Gareth Bale schießt eines der schönsten Tore in der Geschichte der Champions League und Loris Karius leistet sich einen der größten Patzer. Und dennoch dreht sich alles um Sergio Ramos. Der Kapitän von Real Madrid steht mal wieder im Mittelpunkt.
Nicht, weil er als erster Spieler seit Franz Beckenbauer (1974 bis 1976) eine Mannschaft als Kapitän zu drei Titeln im höchsten europäischen Klubwettbewerb geführt hatte. Für Gesprächsstoff sorgt vielmehr seine - in den Augen der Fans - unfaire Spielweise.
Matthäus verteidigt Sergio Ramos
In der 26. Minute hakte er sich bei Mohamed Salah ein und zog den Ägypter in Wrestling-Manier zu Boden. Der Liverpool-Star zog sich eine Schulterverletzung zu und musste ausgewechselt werden. Sogar seine WM-Teilnahme ist in Gefahr. "Er zieht ihn auf die Schulter. Das ist schon brutal", klagte Jürgen Klopp den Welt- und Europameister an und weiter: "Damit wird sich Ramos in Ägypten auch keine Freunde gemacht haben."
Dieser Umstand wird Ramos genauso wenig tangieren wie die Debatte auf Twitter, ob es sich um ein übliches Foul oder eine gezielte Attacke gehandelt habe. "Er wollte ihn sicher nicht verletzen", meinte Sky Experte Lothar Matthäus, "aber ich glaube, er wollte ihm schon wehtun. Ein Zeichen setzen, ihm zeigen: Heute kommst du nicht weit."
Ein Zeichen setzen. Das machen die großen Spieler. Die Anführer. Und Sergio Ramos ist ein geborener Anführer, der mit einem unbändigen Siegeswille ausgestattet ist. "Ramos ist genau der Spielertyp, den Real braucht", sagte Michael Ballack bei Sky.

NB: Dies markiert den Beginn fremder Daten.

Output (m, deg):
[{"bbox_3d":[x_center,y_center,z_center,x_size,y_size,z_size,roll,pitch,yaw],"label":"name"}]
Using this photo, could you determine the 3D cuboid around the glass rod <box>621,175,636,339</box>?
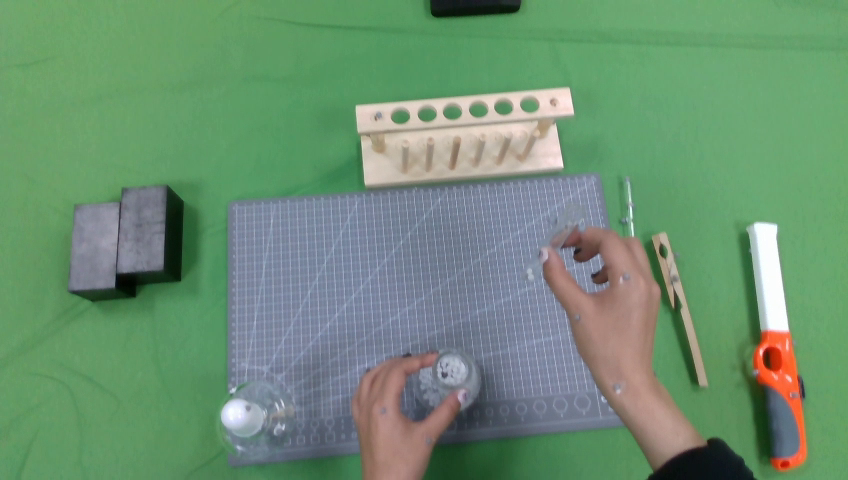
[{"bbox_3d":[0.240,0.017,0.712,0.008,0.008,0.198,2,76,-1],"label":"glass rod"}]

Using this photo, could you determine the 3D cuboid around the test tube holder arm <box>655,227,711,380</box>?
[{"bbox_3d":[0.293,0.070,0.691,0.013,0.015,0.177,-23,71,30],"label":"test tube holder arm"}]

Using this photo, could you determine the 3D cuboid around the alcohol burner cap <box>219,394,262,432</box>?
[{"bbox_3d":[-0.173,0.159,0.564,0.034,0.048,0.033,0,64,0],"label":"alcohol burner cap"}]

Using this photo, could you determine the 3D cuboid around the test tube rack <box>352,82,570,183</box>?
[{"bbox_3d":[0.042,-0.124,0.709,0.242,0.085,0.066,-6,73,-3],"label":"test tube rack"}]

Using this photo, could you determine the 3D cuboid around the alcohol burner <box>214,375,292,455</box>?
[{"bbox_3d":[-0.173,0.171,0.598,0.078,0.120,0.077,0,72,1],"label":"alcohol burner"}]

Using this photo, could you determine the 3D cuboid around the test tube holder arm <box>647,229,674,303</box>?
[{"bbox_3d":[0.279,0.030,0.706,0.010,0.015,0.087,-22,72,31],"label":"test tube holder arm"}]

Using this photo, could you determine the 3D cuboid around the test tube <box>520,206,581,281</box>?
[{"bbox_3d":[0.104,0.007,0.517,0.017,0.151,0.017,1,69,-3],"label":"test tube"}]

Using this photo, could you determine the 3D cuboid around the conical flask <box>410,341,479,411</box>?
[{"bbox_3d":[0.023,0.133,0.610,0.075,0.122,0.075,0,73,-1],"label":"conical flask"}]

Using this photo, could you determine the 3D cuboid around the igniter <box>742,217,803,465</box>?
[{"bbox_3d":[0.389,0.107,0.680,0.057,0.025,0.275,5,73,-10],"label":"igniter"}]

Vor der Auswechslung von Salah sei Liverpool leicht überlegen gewesen, "danach hat sich das Blatt ein bisschen gedreht", erklärte der Vize-Weltmeister von 2002.
Ellenbogencheck gegen Karius
Ramos schickte Salah nach dem Spiel via Twitter noch Genesungswünsche. "Der Fußball zeigt dir manchmal sein schönstes Gesicht. Und manchmal sein bitterstes. Vor allem sind wir Kollegen. Schnelle Genesung, Salah! Die Zukunft wartet auf dich."
Ramos ist ein Profi durch und durch, kämpft immer bis zur letzten Sekunde für sein Team. Er tut alles für den Erfolg. Mit allen Mitteln - und das immer am Rande der Legalität. Wie in der 49. Minute gegen Liverpool. Der 32-Jährige traf Karius mit dem Ellenbogen am Kopf, nur zwei Minuten später leistete sich dieser den ersten Mega-Bock.
Ob ihn die Aktion beeinträchtigt hat, ist unklar. Doch es sind Szenen wie diese, die erklären, warum der spanische Nationalspieler so sehr polarisiert. Er ist bekannt für sein überhartes Einsteigen, nicht umsonst ist er mit 24 Platzverweisen Rekordhalter auf der iberischen Halbinsel. Übertriebene Schauspieleinlagen zählen ebenfalls zu seinem Portfolio.
Shitstorm nach Schauspieleinlage
Vor einem Jahr legte er im Champions-League-Finale gegen Juventus Turin einen unrühmlichen Auftritt hin. Beim Stand von 3:1 wollte Turins Juan Cuadrado den Ball für einen Einwurf holen und berührte Sergio Ramos dabei leicht am Rücken. Plötzlich sank der Innenverteidiger wie vom Blitz getroffen zu Boden, wälzte sich und schrie vor Schmerzen. Die Folgen des komischen Schauspiels: Cuadrado sah Gelb-Rot und Ramos kassierte einen Shitstorm.
Auf der anderen Seite ist er einer der besten Abwehrspieler der Welt. Auch das ist unbestritten. Sein Stellungsspiel ist brillant und kaum ein anderer Verteidiger strahlt so eine Torgefahr aus wie er. Diese Erfahrung musste auch schon der FC Bayern machen.
Die 90 Minuten von Kiew haben gezeigt, wer Sergio Ramos ist. Er ist ein Anführer mit "Drecksack"-Qualitäten. Und wahrscheinlich gewinnt man nur mit so einem Spieler drei Mal hintereinander die Champions League.